Humans have evolved to seek and to shape meaning, enabled by the CNS, and our survival depends on it. A crucial step is the construction of frameworks and interpretations which are “pre- moral,” as Solomon Katz puts it. Moreover, our species, though bounded by evolution, acts within this context, thus inevitably altering the world. Hefner speaks theologically of the human as “created co-creator.” We encounter transcendence in several ways: as evolution and the ecosystem transcend themselves when they question their purpose through us; as we act in the non-human world and in culture; and as we open ourselves to our future. Thus the “project” of the human species is also nature’s project, and the challenge for us is to discover its content.

Human culture includes diverse strategies for living; its greatest challenge is science and technology. These provide the underlying conditions for our interrelated planetary community but also its pressure on the global ecosystem. They are essential for human life and they thoroughly condition the future of the planet. Culture functions to guide behavior comparably to the role of physico-bio-genetic systems in plants and animals. Its interpretation challenges us intellectually and spiritually. Hefner opts for a non-dualistic interpretation: technology, like all culture, is an emergent form of nature grounded in human neurobiology. Still, as a thoroughly technological civilization we now face a crisis not merely of “tools out of control,” but of an all-permeating form of existence that threatens to turn against itself and nature. He calls for “a re-organization of consciousness” adequate to this crisis.

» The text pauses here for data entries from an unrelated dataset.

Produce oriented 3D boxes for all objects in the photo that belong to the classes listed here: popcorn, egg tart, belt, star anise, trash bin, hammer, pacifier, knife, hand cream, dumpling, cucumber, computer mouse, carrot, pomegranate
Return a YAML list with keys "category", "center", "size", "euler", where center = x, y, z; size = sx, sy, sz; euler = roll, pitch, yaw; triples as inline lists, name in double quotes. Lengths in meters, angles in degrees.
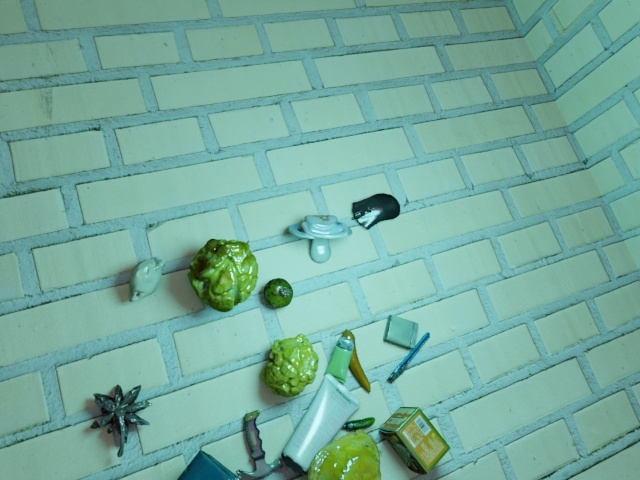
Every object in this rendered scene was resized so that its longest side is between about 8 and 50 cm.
- category: "popcorn"
  center: [-0.376, 0.124, 1.782]
  size: [0.282, 0.282, 0.247]
  euler: [-38, 121, -23]
- category: "egg tart"
  center: [0.109, 0.889, 1.683]
  size: [0.351, 0.153, 0.340]
  euler: [2, 79, -38]
- category: "belt"
  center: [-0.274, 0.881, 1.535]
  size: [0.436, 0.300, 0.173]
  euler: [44, 68, -2]
- category: "star anise"
  center: [-0.693, 0.612, 1.620]
  size: [0.209, 0.089, 0.231]
  euler: [-31, 71, -15]
- category: "trash bin"
  center: [0.346, 0.392, 2.002]
  size: [0.129, 0.059, 0.116]
  euler: [20, 66, -8]
- category: "hammer"
  center: [-0.239, 0.752, 1.728]
  size: [0.158, 0.041, 0.227]
  euler: [-9, 76, -20]
- category: "pacifier"
  center: [0.000, 0.000, 1.993]
  size: [0.278, 0.227, 0.208]
  euler: [-1, 112, -16]
- category: "knife"
  center: [0.380, 0.497, 1.990]
  size: [0.296, 0.026, 0.044]
  euler: [-43, 119, -23]
- category: "hand cream"
  center: [0.081, 0.477, 1.877]
  size: [0.095, 0.046, 0.175]
  euler: [17, 96, 5]
- category: "dumpling"
  center: [-0.666, 0.138, 1.772]
  size: [0.199, 0.136, 0.118]
  euler: [-47, 125, -4]
- category: "popcorn"
  center: [-0.120, 0.474, 1.778]
  size: [0.180, 0.216, 0.235]
  euler: [26, 58, -35]
- category: "cucumber"
  center: [0.148, 0.729, 1.848]
  size: [0.154, 0.037, 0.037]
  euler: [-4, 73, -17]
- category: "computer mouse"
  center: [0.261, -0.149, 2.147]
  size: [0.264, 0.088, 0.147]
  euler: [-25, 78, -19]
- category: "hand cream"
  center: [-0.005, 0.705, 1.783]
  size: [0.185, 0.118, 0.359]
  euler: [41, 59, 2]
- category: "carrot"
  center: [0.138, 0.496, 1.914]
  size: [0.062, 0.066, 0.272]
  euler: [-21, 78, 24]
- category: "pomegranate"
  center: [-0.164, 0.208, 1.884]
  size: [0.130, 0.130, 0.131]
  euler: [5, 71, -14]

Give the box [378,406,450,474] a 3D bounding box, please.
- category: "box"
  center: [0.359, 0.771, 1.815]
  size: [0.148, 0.177, 0.195]
  euler: [-37, 85, -24]
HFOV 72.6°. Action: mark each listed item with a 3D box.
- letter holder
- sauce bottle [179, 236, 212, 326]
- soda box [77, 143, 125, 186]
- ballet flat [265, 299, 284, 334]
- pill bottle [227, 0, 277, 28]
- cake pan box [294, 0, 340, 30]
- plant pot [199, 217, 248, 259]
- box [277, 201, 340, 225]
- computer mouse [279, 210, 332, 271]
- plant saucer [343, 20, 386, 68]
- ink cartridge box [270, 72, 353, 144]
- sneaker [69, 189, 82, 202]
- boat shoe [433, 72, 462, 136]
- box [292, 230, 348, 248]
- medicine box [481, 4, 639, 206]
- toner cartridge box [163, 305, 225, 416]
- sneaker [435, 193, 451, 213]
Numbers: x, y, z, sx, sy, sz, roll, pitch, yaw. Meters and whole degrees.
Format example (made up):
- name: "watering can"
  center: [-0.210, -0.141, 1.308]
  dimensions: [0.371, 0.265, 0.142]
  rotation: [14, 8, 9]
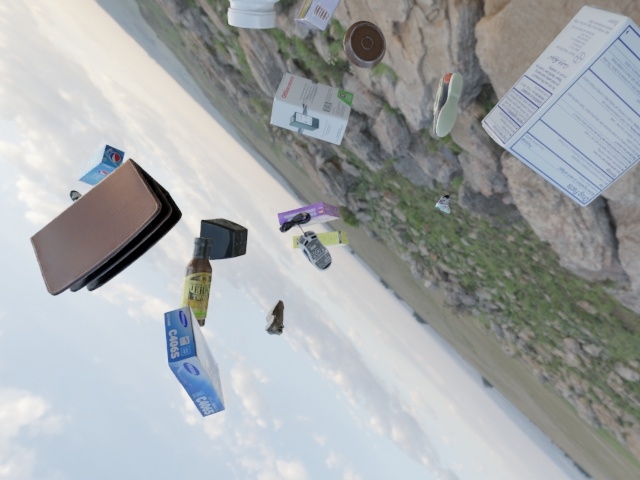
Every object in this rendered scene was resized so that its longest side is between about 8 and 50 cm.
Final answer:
- name: "letter holder"
  center: [-0.482, -0.003, 1.026]
  dimensions: [0.214, 0.301, 0.152]
  rotation: [48, 176, 33]
- name: "sauce bottle"
  center: [-0.479, 0.159, 1.688]
  dimensions: [0.111, 0.345, 0.111]
  rotation: [6, 179, 0]
- name: "soda box"
  center: [-0.754, -0.253, 1.496]
  dimensions: [0.210, 0.071, 0.067]
  rotation: [-15, 153, 40]
- name: "ballet flat"
  center: [-0.156, 0.280, 1.567]
  dimensions: [0.058, 0.084, 0.250]
  rotation: [36, -174, -9]
- name: "pill bottle"
  center: [-0.235, -0.958, 1.484]
  dimensions: [0.229, 0.228, 0.408]
  rotation: [46, 140, 46]
- name: "cake pan box"
  center: [0.029, -0.759, 1.284]
  dimensions: [0.070, 0.267, 0.246]
  rotation: [24, -160, -25]
- name: "plant pot"
  center: [-0.442, 0.002, 2.029]
  dimensions: [0.166, 0.188, 0.187]
  rotation: [9, -172, 18]
- name: "box"
  center: [-0.044, -0.106, 1.895]
  dimensions: [0.293, 0.200, 0.057]
  rotation: [0, -103, -75]
- name: "computer mouse"
  center: [-0.036, 0.011, 1.317]
  dimensions: [0.193, 0.106, 0.042]
  rotation: [58, 153, -12]
- name: "plant saucer"
  center: [0.169, -0.724, 1.602]
  dimensions: [0.168, 0.168, 0.029]
  rotation: [44, 174, -15]
- name: "ink cartridge box"
  center: [-0.031, -0.522, 1.717]
  dimensions: [0.288, 0.211, 0.122]
  rotation: [17, 139, -4]
- name: "sneaker"
  center: [-0.698, -0.110, 1.270]
  dimensions: [0.036, 0.032, 0.083]
  rotation: [18, 138, 46]
- name: "boat shoe"
  center: [0.261, -0.285, 0.920]
  dimensions: [0.049, 0.137, 0.043]
  rotation: [12, -178, -36]
- name: "box"
  center: [0.000, 0.000, 1.897]
  dimensions: [0.087, 0.232, 0.058]
  rotation: [9, -104, -65]
- name: "medicine box"
  center: [0.542, -0.263, 0.893]
  dimensions: [0.263, 0.289, 0.149]
  rotation: [28, -149, -21]
- name: "toner cartridge box"
  center: [-0.356, 0.356, 1.250]
  dimensions: [0.348, 0.075, 0.165]
  rotation: [86, 164, -48]
- name: "sneaker"
  center: [0.466, -0.141, 1.606]
  dimensions: [0.038, 0.069, 0.098]
  rotation: [29, -171, 33]
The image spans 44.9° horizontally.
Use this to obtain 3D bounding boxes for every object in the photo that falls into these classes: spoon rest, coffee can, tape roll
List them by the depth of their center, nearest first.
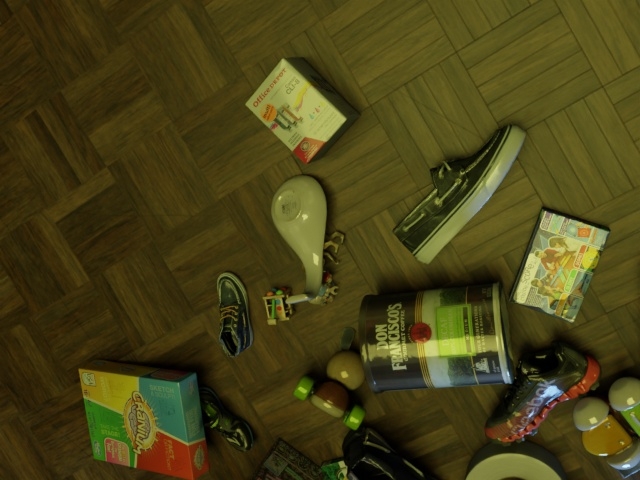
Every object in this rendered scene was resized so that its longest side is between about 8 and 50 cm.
[{"bbox_3d":[0.234,0.195,1.552,0.275,0.201,0.202,-8,101,17],"label":"coffee can"},{"bbox_3d":[-0.041,-0.003,1.622,0.137,0.084,0.276,-13,73,31],"label":"spoon rest"},{"bbox_3d":[0.415,0.537,1.651,0.219,0.072,0.219,3,104,14],"label":"tape roll"}]

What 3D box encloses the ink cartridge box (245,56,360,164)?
[{"bbox_3d":[-0.035,-0.263,1.556,0.176,0.127,0.128,44,111,3],"label":"ink cartridge box"}]

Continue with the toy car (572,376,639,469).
[{"bbox_3d":[0.593,0.342,1.520,0.182,0.136,0.159,-37,98,23],"label":"toy car"}]

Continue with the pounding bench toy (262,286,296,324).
[{"bbox_3d":[-0.095,0.142,1.694,0.052,0.083,0.065,-7,102,18],"label":"pounding bench toy"}]

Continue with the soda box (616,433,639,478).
[{"bbox_3d":[0.662,0.406,1.559,0.169,0.053,0.060,-39,90,20],"label":"soda box"}]

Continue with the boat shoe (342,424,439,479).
[{"bbox_3d":[0.182,0.551,1.657,0.340,0.158,0.127,38,99,-2],"label":"boat shoe"}]

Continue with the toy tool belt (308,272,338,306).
[{"bbox_3d":[0.012,0.108,1.680,0.051,0.052,0.083,24,117,-30],"label":"toy tool belt"}]

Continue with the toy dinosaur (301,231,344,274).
[{"bbox_3d":[0.000,0.000,1.650,0.092,0.053,0.183,14,107,14],"label":"toy dinosaur"}]

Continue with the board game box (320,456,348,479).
[{"bbox_3d":[0.110,0.612,1.779,0.136,0.030,0.260,-22,96,21],"label":"board game box"}]

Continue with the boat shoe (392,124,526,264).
[{"bbox_3d":[0.261,-0.102,1.514,0.119,0.121,0.335,37,112,0],"label":"boat shoe"}]

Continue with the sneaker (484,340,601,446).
[{"bbox_3d":[0.423,0.303,1.566,0.135,0.098,0.276,41,109,-16],"label":"sneaker"}]

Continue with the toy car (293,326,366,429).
[{"bbox_3d":[0.052,0.291,1.688,0.155,0.149,0.188,29,80,4],"label":"toy car"}]

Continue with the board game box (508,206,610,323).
[{"bbox_3d":[0.471,0.049,1.537,0.136,0.035,0.201,20,107,10],"label":"board game box"}]

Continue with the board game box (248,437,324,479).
[{"bbox_3d":[-0.137,0.622,1.711,0.141,0.291,0.232,35,110,6],"label":"board game box"}]

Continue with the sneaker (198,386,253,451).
[{"bbox_3d":[-0.235,0.426,1.804,0.188,0.078,0.067,46,111,1],"label":"sneaker"}]

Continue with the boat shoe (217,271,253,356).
[{"bbox_3d":[-0.198,0.166,1.728,0.065,0.083,0.183,-11,100,18],"label":"boat shoe"}]

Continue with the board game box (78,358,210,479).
[{"bbox_3d":[-0.417,0.416,1.822,0.316,0.064,0.242,0,103,31],"label":"board game box"}]
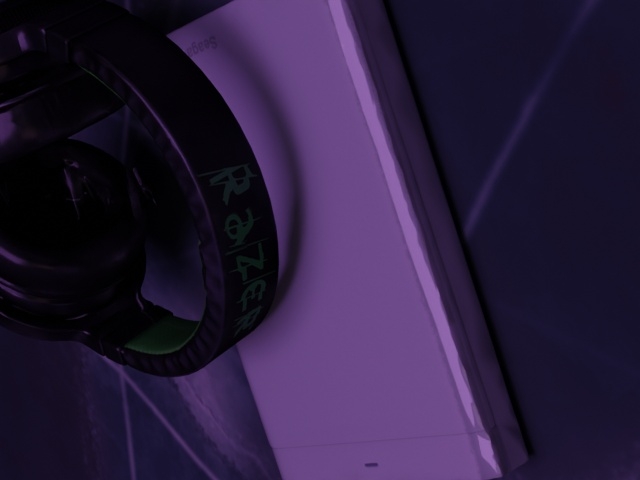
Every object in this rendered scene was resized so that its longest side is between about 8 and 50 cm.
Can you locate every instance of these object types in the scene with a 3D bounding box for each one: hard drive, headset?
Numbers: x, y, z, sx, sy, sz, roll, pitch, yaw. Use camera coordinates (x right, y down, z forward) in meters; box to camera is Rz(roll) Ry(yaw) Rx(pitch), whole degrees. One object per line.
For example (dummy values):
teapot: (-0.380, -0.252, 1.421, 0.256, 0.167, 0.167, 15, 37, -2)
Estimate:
hard drive: (0.000, 0.000, 0.828, 0.203, 0.040, 0.307, -15, 95, 49)
headset: (-0.169, -0.068, 0.902, 0.394, 0.185, 0.243, 24, 133, 33)
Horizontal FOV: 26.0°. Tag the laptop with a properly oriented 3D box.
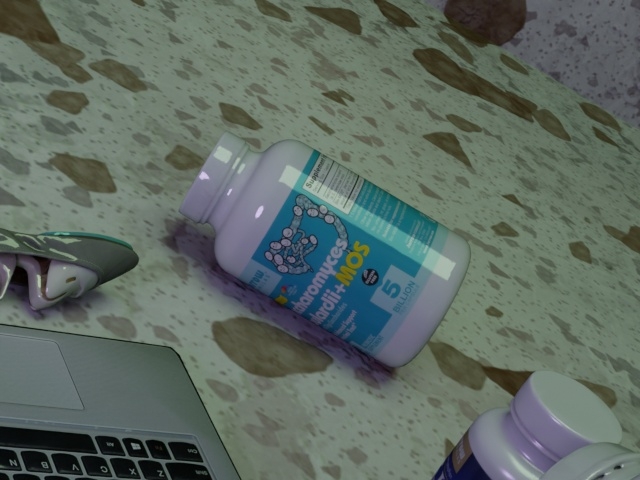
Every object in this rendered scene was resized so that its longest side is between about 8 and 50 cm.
[{"bbox_3d":[-0.137,0.105,0.860,0.382,0.236,0.408,12,31,-38],"label":"laptop"}]

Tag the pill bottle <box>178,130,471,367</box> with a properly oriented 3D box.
[{"bbox_3d":[0.000,0.000,1.326,0.264,0.146,0.146,30,24,-3],"label":"pill bottle"}]

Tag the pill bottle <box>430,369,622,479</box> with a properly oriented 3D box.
[{"bbox_3d":[0.149,0.196,1.082,0.112,0.186,0.112,26,25,-13],"label":"pill bottle"}]

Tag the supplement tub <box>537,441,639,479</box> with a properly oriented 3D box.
[{"bbox_3d":[0.285,0.289,0.911,0.235,0.235,0.325,5,14,-45],"label":"supplement tub"}]

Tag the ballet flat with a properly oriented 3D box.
[{"bbox_3d":[-0.244,0.024,1.112,0.213,0.072,0.068,13,58,-35],"label":"ballet flat"}]
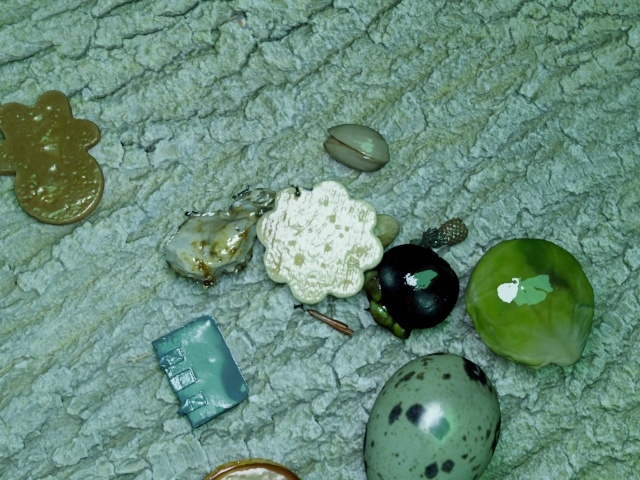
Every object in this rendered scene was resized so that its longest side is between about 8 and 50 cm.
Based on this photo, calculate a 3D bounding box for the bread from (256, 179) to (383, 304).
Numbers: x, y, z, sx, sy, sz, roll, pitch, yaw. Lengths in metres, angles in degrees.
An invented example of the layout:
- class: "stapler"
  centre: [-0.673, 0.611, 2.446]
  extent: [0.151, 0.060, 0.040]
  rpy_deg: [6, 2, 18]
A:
- class: "bread"
  centre: [0.000, 0.000, 1.537]
  extent: [0.315, 0.054, 0.316]
  rpy_deg: [0, 87, 0]

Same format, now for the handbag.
- class: "handbag"
  centre: [-0.288, 0.312, 1.505]
  extent: [0.179, 0.062, 0.229]
  rpy_deg: [-28, 81, -12]

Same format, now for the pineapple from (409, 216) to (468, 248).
- class: "pineapple"
  centre: [0.314, -0.006, 1.684]
  extent: [0.159, 0.074, 0.074]
  rpy_deg: [-20, 79, -11]

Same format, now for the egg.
- class: "egg"
  centre: [0.247, 0.437, 1.437]
  extent: [0.287, 0.287, 0.379]
  rpy_deg: [40, 80, 3]

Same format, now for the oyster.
- class: "oyster"
  centre: [-0.232, -0.025, 1.567]
  extent: [0.197, 0.133, 0.337]
  rpy_deg: [42, 70, 5]

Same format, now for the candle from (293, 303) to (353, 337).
- class: "candle"
  centre: [0.008, 0.198, 1.602]
  extent: [0.167, 0.021, 0.026]
  rpy_deg: [27, 93, -2]

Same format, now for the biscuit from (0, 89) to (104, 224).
- class: "biscuit"
  centre: [-0.677, -0.205, 1.586]
  extent: [0.275, 0.052, 0.355]
  rpy_deg: [-25, 81, -14]

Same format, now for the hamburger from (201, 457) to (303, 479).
- class: "hamburger"
  centre: [-0.144, 0.632, 1.339]
  extent: [0.329, 0.250, 0.330]
  rpy_deg: [3, 71, -8]

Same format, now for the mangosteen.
- class: "mangosteen"
  centre: [0.220, 0.123, 1.565]
  extent: [0.242, 0.243, 0.243]
  rpy_deg: [2, 74, -9]

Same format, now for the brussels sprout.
- class: "brussels sprout"
  centre: [0.523, 0.155, 1.585]
  extent: [0.343, 0.268, 0.344]
  rpy_deg: [-1, 97, -6]

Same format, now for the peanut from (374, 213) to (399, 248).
- class: "peanut"
  centre: [0.093, -0.021, 1.627]
  extent: [0.236, 0.110, 0.120]
  rpy_deg: [-7, 81, -10]

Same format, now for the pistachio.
- class: "pistachio"
  centre: [0.099, -0.249, 1.685]
  extent: [0.184, 0.124, 0.125]
  rpy_deg: [15, 73, 2]
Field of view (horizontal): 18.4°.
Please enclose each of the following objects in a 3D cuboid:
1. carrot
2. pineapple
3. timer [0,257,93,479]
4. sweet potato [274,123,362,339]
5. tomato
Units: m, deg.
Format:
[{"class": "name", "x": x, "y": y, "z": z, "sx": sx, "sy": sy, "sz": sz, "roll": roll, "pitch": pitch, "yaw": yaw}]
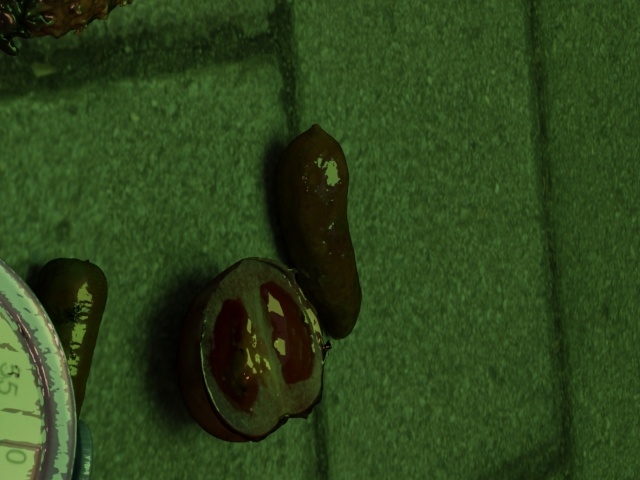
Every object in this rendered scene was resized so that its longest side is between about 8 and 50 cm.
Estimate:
[{"class": "carrot", "x": -0.268, "y": 0.166, "z": 2.018, "sx": 0.078, "sy": 0.078, "sz": 0.298, "roll": 7, "pitch": 88, "yaw": -56}, {"class": "pineapple", "x": -0.297, "y": -0.250, "z": 1.924, "sx": 0.278, "sy": 0.157, "sz": 0.158, "roll": -38, "pitch": 121, "yaw": -36}, {"class": "timer", "x": -0.368, "y": 0.162, "z": 1.654, "sx": 0.395, "sy": 0.173, "sz": 0.395, "roll": 5, "pitch": 79, "yaw": -28}, {"class": "sweet potato", "x": -0.001, "y": 0.002, "z": 2.398, "sx": 0.097, "sy": 0.097, "sz": 0.292, "roll": -39, "pitch": 129, "yaw": -49}, {"class": "tomato", "x": -0.098, "y": 0.123, "z": 2.227, "sx": 0.228, "sy": 0.112, "sz": 0.199, "roll": -16, "pitch": 95, "yaw": -54}]
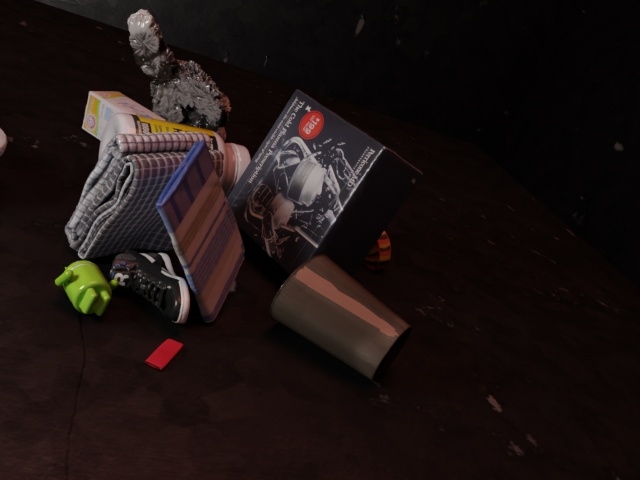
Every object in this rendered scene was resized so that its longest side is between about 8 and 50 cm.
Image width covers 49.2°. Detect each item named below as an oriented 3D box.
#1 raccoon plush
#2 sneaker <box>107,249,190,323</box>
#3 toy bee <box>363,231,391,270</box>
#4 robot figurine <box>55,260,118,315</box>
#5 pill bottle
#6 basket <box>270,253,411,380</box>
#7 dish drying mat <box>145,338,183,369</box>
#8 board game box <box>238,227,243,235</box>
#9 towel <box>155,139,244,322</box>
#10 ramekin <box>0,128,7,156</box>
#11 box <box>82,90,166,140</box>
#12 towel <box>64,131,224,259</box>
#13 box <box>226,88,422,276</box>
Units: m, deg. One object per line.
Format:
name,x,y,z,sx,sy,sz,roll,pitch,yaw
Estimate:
raccoon plush,-0.390,-0.483,2.083,0.216,0.447,0.299,-11,24,3
sneaker,-0.318,0.085,1.261,0.121,0.079,0.217,5,20,-29
toy bee,0.070,-0.058,1.827,0.298,0.162,0.195,27,24,11
robot figurine,-0.400,0.079,1.196,0.101,0.067,0.115,15,21,-44
pill bottle,-0.346,-0.188,1.689,0.333,0.188,0.188,6,27,-34
basket,0.048,0.153,1.351,0.226,0.154,0.204,35,22,20
dish drying mat,-0.258,0.188,1.161,0.032,0.008,0.083,24,23,5
board game box,-0.244,-0.011,1.600,0.126,0.026,0.186,19,23,-7
towel,-0.214,-0.014,1.283,0.034,0.285,0.209,0,41,18
ramekin,-0.759,-0.176,1.340,0.272,0.127,0.273,23,20,-9
box,-0.534,-0.315,1.896,0.203,0.114,0.103,33,26,24
towel,-0.341,-0.080,1.356,0.121,0.284,0.235,51,34,15
box,-0.004,-0.112,1.597,0.312,0.343,0.179,40,11,36

Christian theology, through the doctrine of creation, can provide such perspective. The natural world is vested in meaning by its relation to God as creator ex nihilo; nature is entirely God’s project, what God intended. The doctrine of continuing creation emphasizes the way in which, at every moment of time, God creates in freedom and love, giving the world its evolutionary character, purpose, and meaning. Our understanding of nature’s meaning arises in the context of our scientific experience of the world, including randomness and genetic predisposition. Humanity, as created in the imago Dei, becomes a metaphor for the meaning of nature. Human sin represents the epistemic distance between the actual human condition and the primordial intentionality and love that God bequeaths the world. The key question for relating theology to science should be whether we believe that what governs the world at its depths is divine love. The Incarnation and the sacraments are pivotal theological affirmations that nature is capable of being an instrument of God’s will and purpose. In Jesus Christ we discover both the normative image of God and the instantiated character of God’s freedom, intentionality, and love.

Hefner concludes with six claims regarding the created co-creator as a fully natural creature illuminating the capabilities of nature, the convergence of the human project and the project of nature, and the transcendence and freedom of both. The evolution of the created co- creator reveals that nature’s project is also God’s project, and the human project must be in the service of nature’s project. The imago Dei, and particularly Christ, gives content to God’s intentionality for this project.